What is it about having small children that prompts strangers to offer unsolicited words of wisdom?

No, kind lady at Target, I’m not sure I want to hear your birthing story—though I’m sure it’s got the entertainment value of an action film—I’d prefer my curious seven-year-old not have nightmares tonight.

So I’ve been keeping my sister’s newborn baby girl one day a week for the last few months. Harlie Grace (HG) is simply perfection. I also have two kids of my own, the seven-year-old, Lilah, and a three-year-old, Ezzy.

A few days ago, Ezzy and HG were taking an afternoon nap. (Isn’t it amazing how getting two kids to nap simultaneously makes you feel like a superhero? I almost made myself a bedazzled cape.) My three-year-old rarely naps anymore, so I was euphoric.

Now, Lilah’s bus drops her off the bus stop at 2:40pm. Ever since the Mom-Missed-The-Bus-Drop-Off debacle of ’14, I watch the afternoon clock with manic intensity. And, wouldn’t you know it, Ezzy kept sleeping, and sleeping, and sleeping. 2:35pm hit and HG woke up with an acute need for a bottle.

Cue The Chaos:

2:35pm – Baby screaming

2:36pm – Bottle is inserted in baby’s mouth (not quickly enough for her liking, as she takes turns wailing and gulping)

2:37pm – My shoes have grown feet and walked right on out of my house

2:38pm – Ezzy won’t wake up after multiple attempts or with a still-screaming infant in her room

2:39pm – I hear the telltale screech and motor combination that means the bus is in the neighborhood

2:40pm – I literally RUN to the end of my driveway, in my pajamas, barefoot, a crying baby in my arms, and an unsupervised three-year-old napping in my house

PLEASE JUDGE ME. I DESERVE IT.

I realized, in that moment, that the cherry on top of my shame sundae was the fact that the nightgown I had on was the precise one I had picked up Lilah in the previous day.

As my pre-teen schlepped off the bus, she sprinted by me, grumbling, “MOM, YOU ARE SOOOO EMBARRASSING!”  And over HG’s yelps, I did manage to hear the bus driver as she opened her window to say to me (AKA to scold me) “I really hope you’re enjoying this season of life. They grow up so fast.”

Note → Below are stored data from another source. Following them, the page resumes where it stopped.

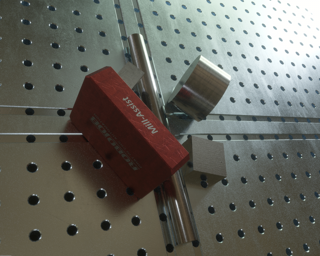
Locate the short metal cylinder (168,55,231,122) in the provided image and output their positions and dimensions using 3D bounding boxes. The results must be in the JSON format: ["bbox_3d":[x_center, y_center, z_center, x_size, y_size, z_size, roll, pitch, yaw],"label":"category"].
[{"bbox_3d":[0.055,-0.056,0.438,0.050,0.080,0.080,33,51,-7],"label":"short metal cylinder"}]

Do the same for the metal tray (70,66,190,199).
[{"bbox_3d":[-0.039,0.008,0.341,0.130,0.090,0.030,48,51,5],"label":"metal tray"}]

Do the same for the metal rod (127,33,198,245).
[{"bbox_3d":[-0.004,-0.003,0.409,0.025,0.025,0.299,0,62,-29],"label":"metal rod"}]

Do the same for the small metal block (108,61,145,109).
[{"bbox_3d":[-0.050,-0.049,0.395,0.025,0.050,0.050,36,51,-5],"label":"small metal block"}]

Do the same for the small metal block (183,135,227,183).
[{"bbox_3d":[0.059,0.043,0.417,0.050,0.025,0.050,14,56,-21],"label":"small metal block"}]
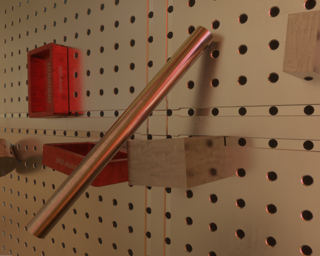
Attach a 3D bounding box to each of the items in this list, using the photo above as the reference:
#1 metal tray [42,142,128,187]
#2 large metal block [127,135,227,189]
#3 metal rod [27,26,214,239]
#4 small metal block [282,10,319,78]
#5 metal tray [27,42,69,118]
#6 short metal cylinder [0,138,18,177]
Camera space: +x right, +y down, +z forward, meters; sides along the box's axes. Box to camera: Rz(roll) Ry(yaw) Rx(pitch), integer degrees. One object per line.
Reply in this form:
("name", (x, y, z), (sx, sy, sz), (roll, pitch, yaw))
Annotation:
("metal tray", (-0.095, 0.047, 0.445), (0.130, 0.091, 0.030), (11, 97, 39))
("large metal block", (0.020, 0.037, 0.357), (0.080, 0.081, 0.050), (-6, 87, 40))
("metal rod", (-0.043, 0.002, 0.358), (0.025, 0.025, 0.300), (38, 86, 33))
("small metal block", (0.135, -0.073, 0.281), (0.025, 0.050, 0.050), (8, 95, 40))
("metal tray", (-0.211, -0.085, 0.580), (0.090, 0.030, 0.129), (-3, 88, 40))
("short metal cylinder", (-0.358, 0.067, 0.670), (0.080, 0.081, 0.050), (-49, 61, 29))
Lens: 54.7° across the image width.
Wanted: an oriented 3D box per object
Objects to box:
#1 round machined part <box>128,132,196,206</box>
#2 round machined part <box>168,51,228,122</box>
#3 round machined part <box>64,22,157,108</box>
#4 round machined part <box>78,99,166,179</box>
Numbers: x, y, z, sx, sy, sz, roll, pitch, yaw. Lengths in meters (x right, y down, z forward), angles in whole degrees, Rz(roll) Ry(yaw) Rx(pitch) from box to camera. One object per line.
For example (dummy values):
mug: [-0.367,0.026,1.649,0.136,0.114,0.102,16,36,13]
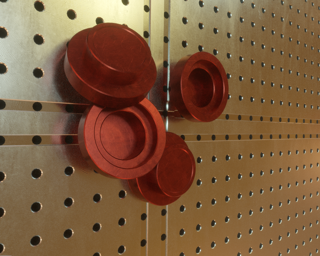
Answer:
round machined part: [0.009,0.054,0.408,0.099,0.042,0.097,0,90,-40]
round machined part: [0.051,-0.057,0.443,0.099,0.042,0.097,0,90,-40]
round machined part: [-0.048,-0.073,0.330,0.099,0.042,0.098,14,54,-20]
round machined part: [-0.046,0.009,0.353,0.099,0.042,0.097,6,79,-31]
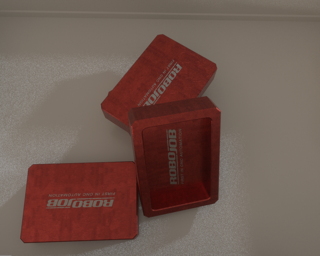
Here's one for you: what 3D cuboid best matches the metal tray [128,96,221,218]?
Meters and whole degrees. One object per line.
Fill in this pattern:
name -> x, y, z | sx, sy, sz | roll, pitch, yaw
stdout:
metal tray -> 0.018, 0.035, 0.343 | 0.091, 0.129, 0.030 | -10, 31, -9

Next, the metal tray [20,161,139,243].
metal tray -> -0.092, 0.089, 0.373 | 0.131, 0.030, 0.090 | -2, 70, -1

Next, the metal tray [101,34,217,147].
metal tray -> 0.001, -0.047, 0.392 | 0.090, 0.030, 0.130 | 33, 73, 11

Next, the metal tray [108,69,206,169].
metal tray -> 0.001, -0.012, 0.411 | 0.090, 0.030, 0.130 | -31, 73, -11

Well, thanks, lady bus driver. Because I’m not really enjoying it right now. In fact, can I get on that bus and be dropped off at your next stop, because I do NOT want to enter my house again for at least 24 hours?

Listen, I know how blessed I am to have young kids. I have personally experienced the hollow ache that occurs in the wake of a miscarriage, and I love my girls with an almost unhealthy intensity, but parenting in this phase is HARD. It hurts. It’s exhausting.

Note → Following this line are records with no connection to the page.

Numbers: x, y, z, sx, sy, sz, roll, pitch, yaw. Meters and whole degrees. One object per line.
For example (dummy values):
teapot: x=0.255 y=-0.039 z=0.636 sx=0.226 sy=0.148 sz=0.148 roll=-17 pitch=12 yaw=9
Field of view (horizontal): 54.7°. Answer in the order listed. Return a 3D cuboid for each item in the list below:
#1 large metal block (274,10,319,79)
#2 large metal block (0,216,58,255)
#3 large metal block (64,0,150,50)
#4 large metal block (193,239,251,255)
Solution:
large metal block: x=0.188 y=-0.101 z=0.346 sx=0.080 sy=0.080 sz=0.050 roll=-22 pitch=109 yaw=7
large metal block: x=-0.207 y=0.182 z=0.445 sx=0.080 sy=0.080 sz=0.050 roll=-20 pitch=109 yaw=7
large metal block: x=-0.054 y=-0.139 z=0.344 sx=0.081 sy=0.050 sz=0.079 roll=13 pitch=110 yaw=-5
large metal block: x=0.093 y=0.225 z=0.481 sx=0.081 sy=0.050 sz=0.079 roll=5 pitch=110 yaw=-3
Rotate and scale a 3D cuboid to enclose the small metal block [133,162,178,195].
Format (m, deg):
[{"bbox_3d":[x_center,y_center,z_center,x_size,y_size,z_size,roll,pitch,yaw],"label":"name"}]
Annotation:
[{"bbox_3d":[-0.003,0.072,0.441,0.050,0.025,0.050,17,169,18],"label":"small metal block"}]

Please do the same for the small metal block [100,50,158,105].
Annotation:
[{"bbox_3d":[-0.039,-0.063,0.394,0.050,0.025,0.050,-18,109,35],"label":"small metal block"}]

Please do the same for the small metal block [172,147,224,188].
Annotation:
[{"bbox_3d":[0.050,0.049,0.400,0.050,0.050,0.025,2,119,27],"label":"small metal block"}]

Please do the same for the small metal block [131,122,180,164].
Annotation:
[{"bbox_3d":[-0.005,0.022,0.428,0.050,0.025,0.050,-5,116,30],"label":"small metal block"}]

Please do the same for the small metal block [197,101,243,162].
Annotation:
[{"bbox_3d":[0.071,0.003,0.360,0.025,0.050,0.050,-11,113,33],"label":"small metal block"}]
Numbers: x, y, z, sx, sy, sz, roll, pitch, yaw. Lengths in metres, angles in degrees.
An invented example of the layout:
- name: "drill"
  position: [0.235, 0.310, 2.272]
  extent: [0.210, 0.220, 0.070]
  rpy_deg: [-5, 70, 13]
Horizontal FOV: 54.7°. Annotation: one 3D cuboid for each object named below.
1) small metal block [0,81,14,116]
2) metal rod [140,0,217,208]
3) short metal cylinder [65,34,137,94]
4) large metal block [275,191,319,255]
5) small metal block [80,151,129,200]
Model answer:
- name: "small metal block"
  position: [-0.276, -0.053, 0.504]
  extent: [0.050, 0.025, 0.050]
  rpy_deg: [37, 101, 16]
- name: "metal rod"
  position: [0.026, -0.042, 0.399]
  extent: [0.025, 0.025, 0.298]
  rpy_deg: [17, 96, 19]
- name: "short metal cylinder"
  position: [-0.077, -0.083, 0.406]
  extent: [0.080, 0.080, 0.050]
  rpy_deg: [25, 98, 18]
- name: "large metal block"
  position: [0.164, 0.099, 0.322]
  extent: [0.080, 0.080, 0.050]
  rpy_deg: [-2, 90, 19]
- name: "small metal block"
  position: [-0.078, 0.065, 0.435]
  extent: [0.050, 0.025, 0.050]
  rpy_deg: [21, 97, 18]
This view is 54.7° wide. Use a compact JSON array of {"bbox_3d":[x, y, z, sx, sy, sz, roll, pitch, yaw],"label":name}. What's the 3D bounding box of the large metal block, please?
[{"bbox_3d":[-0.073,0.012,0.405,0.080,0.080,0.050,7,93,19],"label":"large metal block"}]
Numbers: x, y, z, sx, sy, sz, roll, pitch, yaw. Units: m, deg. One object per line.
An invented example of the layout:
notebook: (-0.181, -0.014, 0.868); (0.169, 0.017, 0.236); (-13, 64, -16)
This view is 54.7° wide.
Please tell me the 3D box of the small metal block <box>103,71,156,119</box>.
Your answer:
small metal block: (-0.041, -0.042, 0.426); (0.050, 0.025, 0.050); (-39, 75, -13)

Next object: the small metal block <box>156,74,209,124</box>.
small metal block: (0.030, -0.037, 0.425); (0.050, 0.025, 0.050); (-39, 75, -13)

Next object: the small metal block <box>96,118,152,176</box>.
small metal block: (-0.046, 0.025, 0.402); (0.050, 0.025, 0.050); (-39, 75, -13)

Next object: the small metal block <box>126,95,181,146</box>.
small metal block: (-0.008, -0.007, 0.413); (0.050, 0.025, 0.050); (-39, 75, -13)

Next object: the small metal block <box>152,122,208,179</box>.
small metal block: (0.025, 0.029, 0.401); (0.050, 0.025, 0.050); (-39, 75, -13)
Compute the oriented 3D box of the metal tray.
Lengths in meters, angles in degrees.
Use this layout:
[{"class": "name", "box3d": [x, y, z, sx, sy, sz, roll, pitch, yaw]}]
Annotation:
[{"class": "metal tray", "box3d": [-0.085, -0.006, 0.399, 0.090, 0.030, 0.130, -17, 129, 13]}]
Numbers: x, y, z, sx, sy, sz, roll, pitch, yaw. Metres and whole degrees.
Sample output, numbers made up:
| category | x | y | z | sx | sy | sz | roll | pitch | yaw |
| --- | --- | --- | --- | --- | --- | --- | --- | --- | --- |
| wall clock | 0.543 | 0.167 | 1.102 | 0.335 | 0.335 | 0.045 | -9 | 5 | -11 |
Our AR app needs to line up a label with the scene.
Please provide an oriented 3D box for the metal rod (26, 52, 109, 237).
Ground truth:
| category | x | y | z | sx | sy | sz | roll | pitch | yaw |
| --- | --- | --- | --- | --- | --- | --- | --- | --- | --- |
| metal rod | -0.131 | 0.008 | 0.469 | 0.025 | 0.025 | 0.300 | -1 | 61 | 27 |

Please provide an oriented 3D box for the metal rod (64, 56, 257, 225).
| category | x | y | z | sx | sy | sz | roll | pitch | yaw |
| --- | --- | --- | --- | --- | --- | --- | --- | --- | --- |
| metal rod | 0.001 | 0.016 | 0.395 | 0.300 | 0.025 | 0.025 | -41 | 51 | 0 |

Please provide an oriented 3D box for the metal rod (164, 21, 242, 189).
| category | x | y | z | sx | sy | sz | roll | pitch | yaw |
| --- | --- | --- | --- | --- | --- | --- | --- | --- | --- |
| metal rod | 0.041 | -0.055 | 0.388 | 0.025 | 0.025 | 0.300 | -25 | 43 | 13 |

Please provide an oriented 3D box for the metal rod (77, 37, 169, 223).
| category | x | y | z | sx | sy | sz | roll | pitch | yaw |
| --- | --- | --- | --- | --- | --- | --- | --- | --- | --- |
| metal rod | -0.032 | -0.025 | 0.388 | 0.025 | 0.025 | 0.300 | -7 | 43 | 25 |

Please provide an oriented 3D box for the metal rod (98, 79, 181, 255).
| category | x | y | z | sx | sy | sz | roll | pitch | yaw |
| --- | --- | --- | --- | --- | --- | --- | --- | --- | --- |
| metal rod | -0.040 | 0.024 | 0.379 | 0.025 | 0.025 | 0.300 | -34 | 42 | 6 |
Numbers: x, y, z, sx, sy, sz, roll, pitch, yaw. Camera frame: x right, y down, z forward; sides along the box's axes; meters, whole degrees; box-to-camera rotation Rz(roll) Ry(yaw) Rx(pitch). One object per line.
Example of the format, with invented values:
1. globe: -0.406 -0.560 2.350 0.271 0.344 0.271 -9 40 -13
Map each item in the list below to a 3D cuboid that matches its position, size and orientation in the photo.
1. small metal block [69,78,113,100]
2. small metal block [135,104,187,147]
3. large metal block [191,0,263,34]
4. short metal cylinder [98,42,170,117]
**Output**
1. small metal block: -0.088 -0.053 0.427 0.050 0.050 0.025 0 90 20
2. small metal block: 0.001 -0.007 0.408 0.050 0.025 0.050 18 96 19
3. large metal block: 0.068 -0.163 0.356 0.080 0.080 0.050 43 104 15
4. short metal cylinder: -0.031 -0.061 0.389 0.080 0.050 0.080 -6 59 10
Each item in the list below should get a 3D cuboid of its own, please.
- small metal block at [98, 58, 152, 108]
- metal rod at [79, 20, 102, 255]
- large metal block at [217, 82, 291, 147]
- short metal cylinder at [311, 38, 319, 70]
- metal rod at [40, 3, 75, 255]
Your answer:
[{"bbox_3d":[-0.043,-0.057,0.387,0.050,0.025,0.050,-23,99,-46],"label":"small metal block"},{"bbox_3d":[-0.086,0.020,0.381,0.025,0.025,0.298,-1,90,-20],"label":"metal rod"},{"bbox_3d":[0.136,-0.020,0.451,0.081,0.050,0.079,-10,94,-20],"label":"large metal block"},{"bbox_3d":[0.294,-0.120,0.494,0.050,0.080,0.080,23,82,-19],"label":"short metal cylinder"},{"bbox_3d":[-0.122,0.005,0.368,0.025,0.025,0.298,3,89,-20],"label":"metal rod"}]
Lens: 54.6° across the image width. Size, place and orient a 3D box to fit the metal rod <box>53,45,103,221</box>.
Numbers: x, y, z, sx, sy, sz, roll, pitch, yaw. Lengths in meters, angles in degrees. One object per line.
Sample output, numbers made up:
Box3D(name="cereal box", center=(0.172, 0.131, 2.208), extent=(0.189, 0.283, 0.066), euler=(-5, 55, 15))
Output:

It can feel like you never measure up, like you’re never doing enough. Like it’s a competition and you’re losing.

So here’s my unsolicited advice to parents of young kids:

IT’S OKAY IF YOU ARE NOT PARTICULARLY IN LOVE WITH THIS SEASON OF LIFE.

Along those lines, here are a few other things that are okay.

It’s okay if you count down the minutes until naptime.

It’s okay if you hide in the pantry and eat chips topped with squirt-cheese as a coping mechanism.

It’s okay if you go to work and it feels like a vacation.  

It’s okay if you don’t discipline with complete perfection for every act of domestic terrorism our tiny psychos so creatively execute.

It’s okay if your kid’s art project looks like a sad homage to the glittery Disco-era.

It’s okay if you pick up your kid two days in a row in the same pajamas. (But if it’s day three . . . the jig is up. Call in reinforcements.)

It’s okay. It’s okay. It’s okay.

It’s true – they grow up fast and it’s important to look for joy every day. But that’s really hard to do when you’re just trying to survive.

In a few years, I’ll look back on this phase and smile. I’ll miss my kids’ chubby elbows and awkward teeth. I’ll miss holding a baby and the way Ezzy can’t pronounce her Rs.

Because there definitely is something magical about every age, every stage, and every season. But it’s OKAY if today you’re ready for tomorrow.